Created 03-07-2018 08:02 AM
Can u please tell me the easy way to execute JSON script from edge node ?
I tried with below CURL Command ,
curl -vX POST -u admin:admin http://Localhost:2100/api/atlas/v2/types/entitydef/name/hive_table.json -d user/testplace.json --header "Content-Type: application/json"
showing below error :
< HTTP/1.1 100 Continue < HTTP/1.1 500 Internal Server Error < Set-Cookie: ATLASSESSIONID=1m6u83lz9dwylwfy2b702hfj9;Path=/;HttpOnly < Expires: Thu, 01 Jan 1970 00:00:00 GMT < X-Frame-Options: DENY < Content-Type: text/plain < Transfer-Encoding: chunked < Server: Jetty(8.1.19.v20160209) * HTTP error before end of send, stop sending
Please help me to execute json script from edge node ?
Thanks in advance...!!!
Created 03-07-2018 08:35 AM
1. Please use correct port . By default , Atlas in non-SSL environment is configured to use 21000.
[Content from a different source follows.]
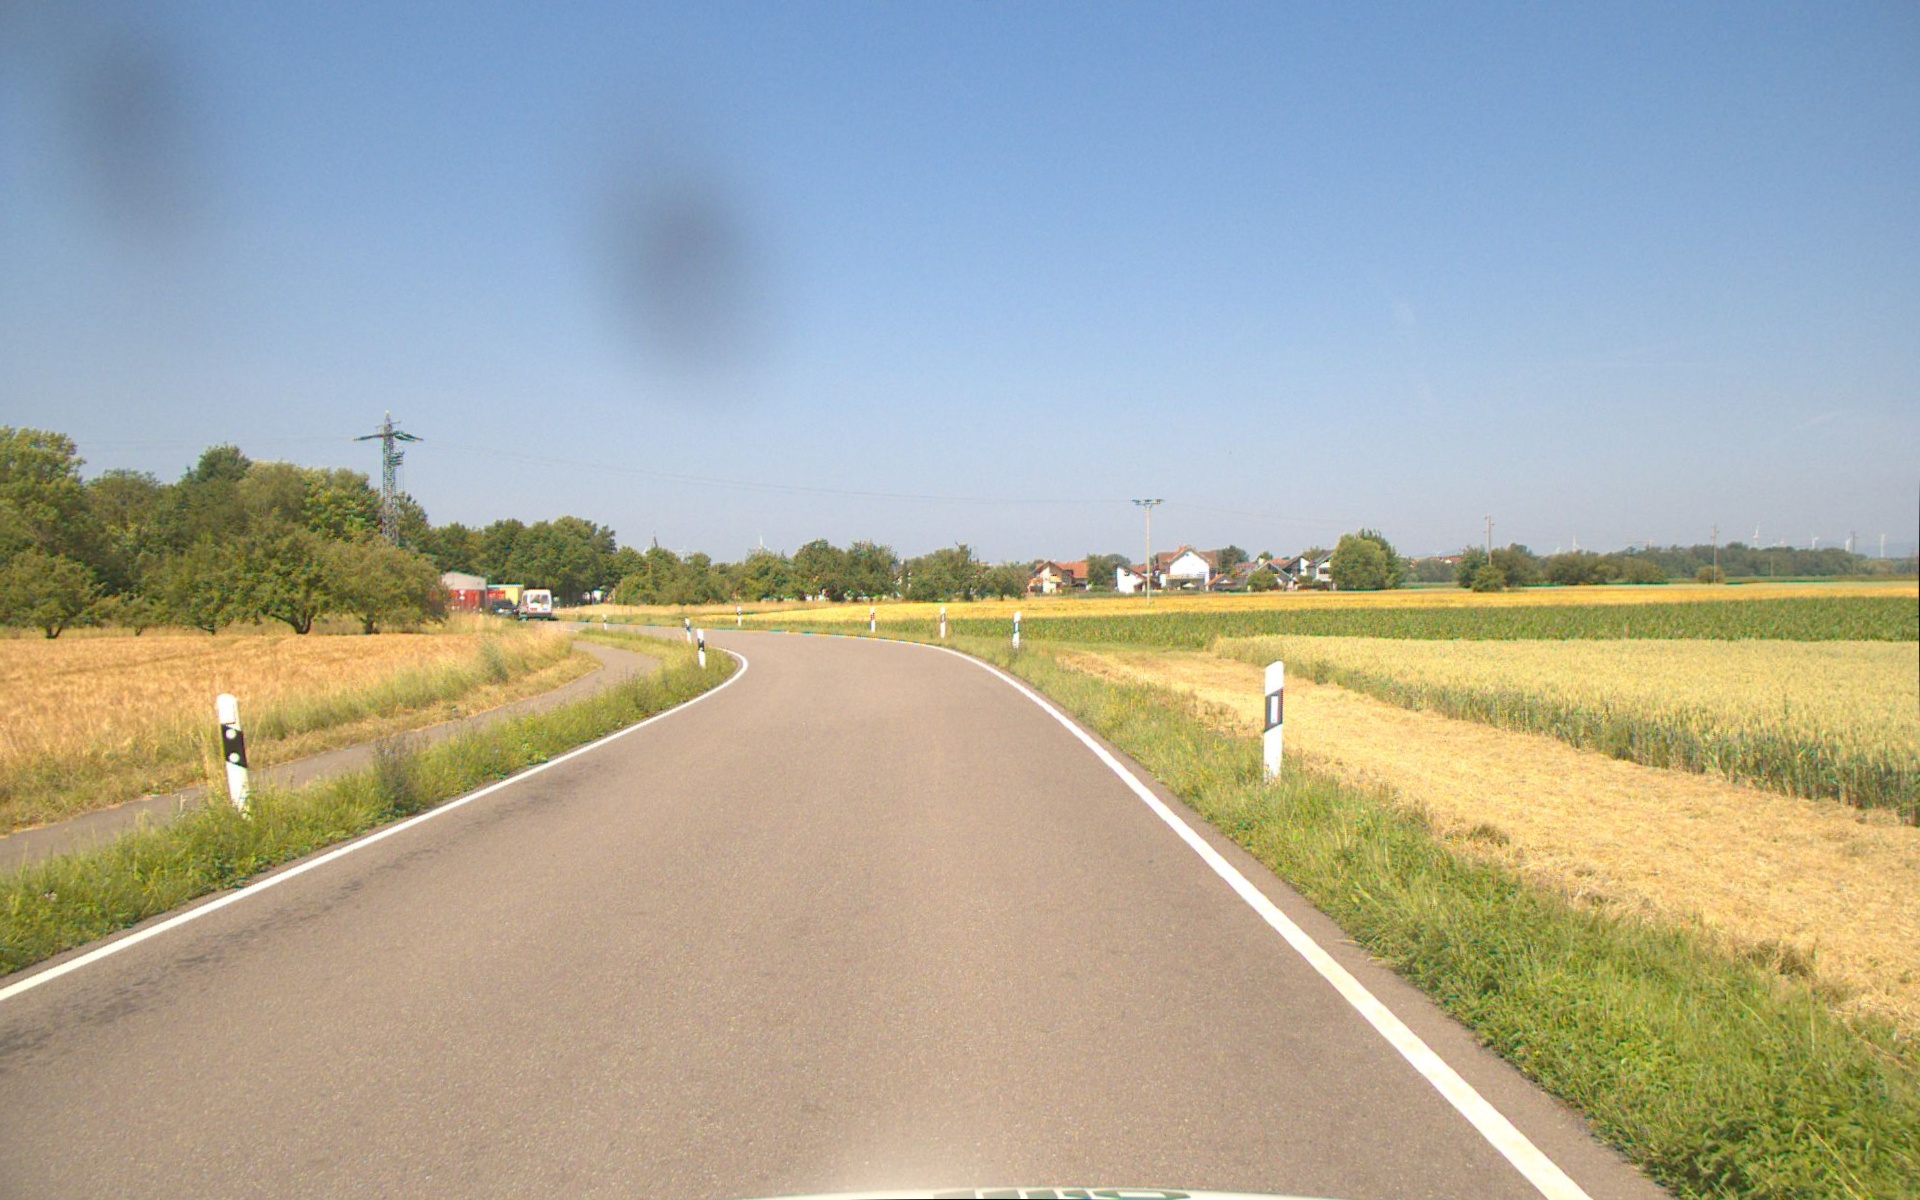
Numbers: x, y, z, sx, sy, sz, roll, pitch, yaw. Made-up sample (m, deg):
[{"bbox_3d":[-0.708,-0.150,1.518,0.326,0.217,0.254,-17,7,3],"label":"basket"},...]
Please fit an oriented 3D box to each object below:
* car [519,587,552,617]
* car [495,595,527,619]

2. curl requires "@" for providing files. Example : -d @user/testplace.json
3. To update type , "PUT" (not POST. To create types use POST, to update types use "PUT") the JSON to
http://atlashost:21000/api/atlas/v2/types/typedefs
4. As already mentioned , classification/tag best suits your requirement. Its highly recommended to use tags instead of updating types.